David Mendosa sent me the reference to this paper.
Although I'm far from good at statistics, I got the gist of it.( by the way, a "meta analysis" is a way of evaluating data that's already available if you didn't happen to know already :( )
>>http://www.bmj.com/cgi/content/full/339/dec03_1/b4731?maxtoshow=&HITS=10&hits=10&RESULTFORMAT=1&author1=Tzoulaki&andorexacttitle=and&andorexacttitleabs=and&andorexactfulltext=and&searchid=1&FIRSTINDEX=0&sortspec=date&fdate=1/1/2008&resourcetype=HWCIT,HWELTR<<

It confirms my prejudices against Gliclazide anyway. I wonder how many GPshave read this thing.
Hana
 
I'm more interested in the responses to the 'study' which are at the end of the report. Did Mr Mendosa read them do you think ?

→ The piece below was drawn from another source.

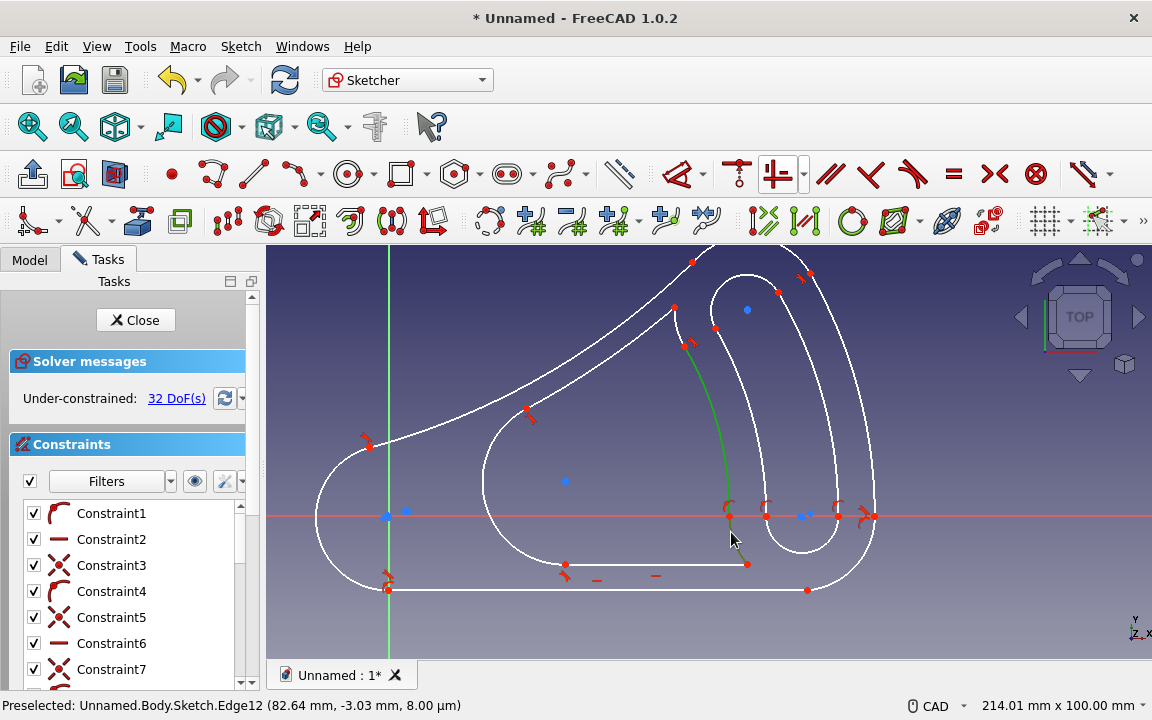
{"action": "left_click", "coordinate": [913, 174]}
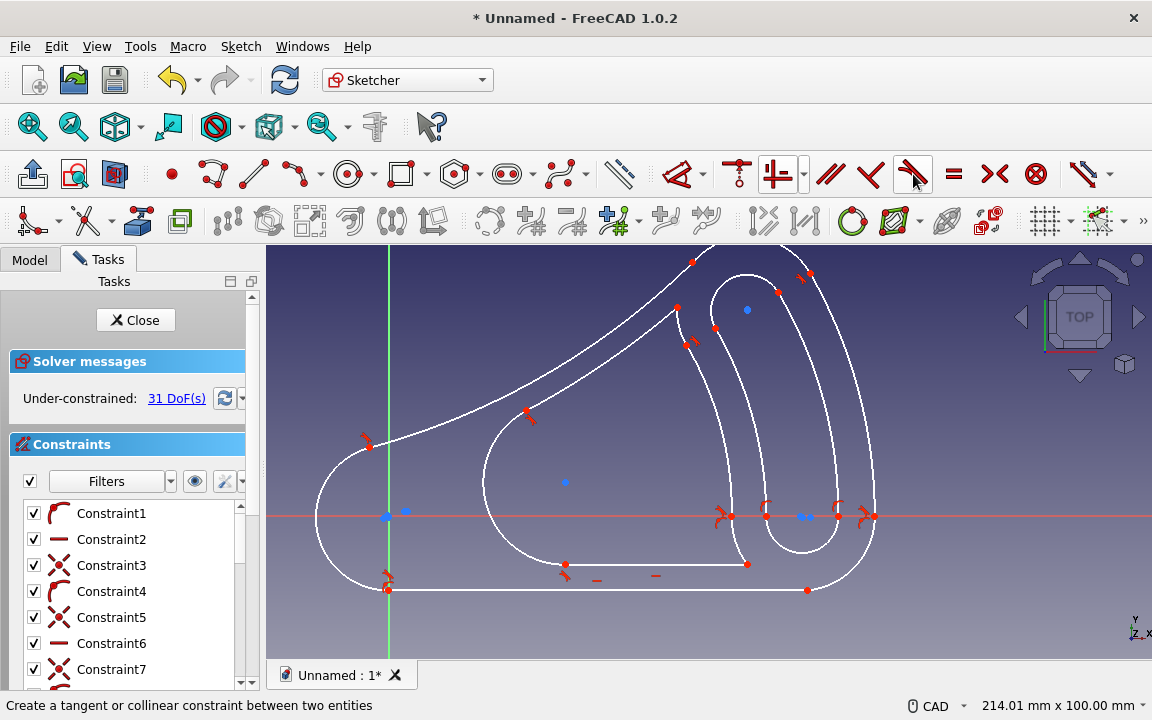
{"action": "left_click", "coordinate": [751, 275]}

Re: Risk of cardiovascular disease and all cause mortality among patients with type 2 diabetes prescribed oral antidiabetes drugs: retrospective cohort study using UK general practice research database. A reply to Tzoulaki et al

Pioglitazone was launched in 2000 . It seems unlikely to have been widely used till 2002-03. Yet this study ran from 1990 till 2005. During this period mortality from vascular disease fell sharply by about a third.

This study is confounded by this effect of time , the pioglitazione treatment group if a different temporally cohort from the other treatment cohorts. Has this been considered in the analysis ? Could a reanalysis of all the data from only 2000 onwards be done ? Also, this might account for the negative outcome of Sulphonylureas which during the 1990s were the most widely used medications but then fell from favour. Observation is not always causation.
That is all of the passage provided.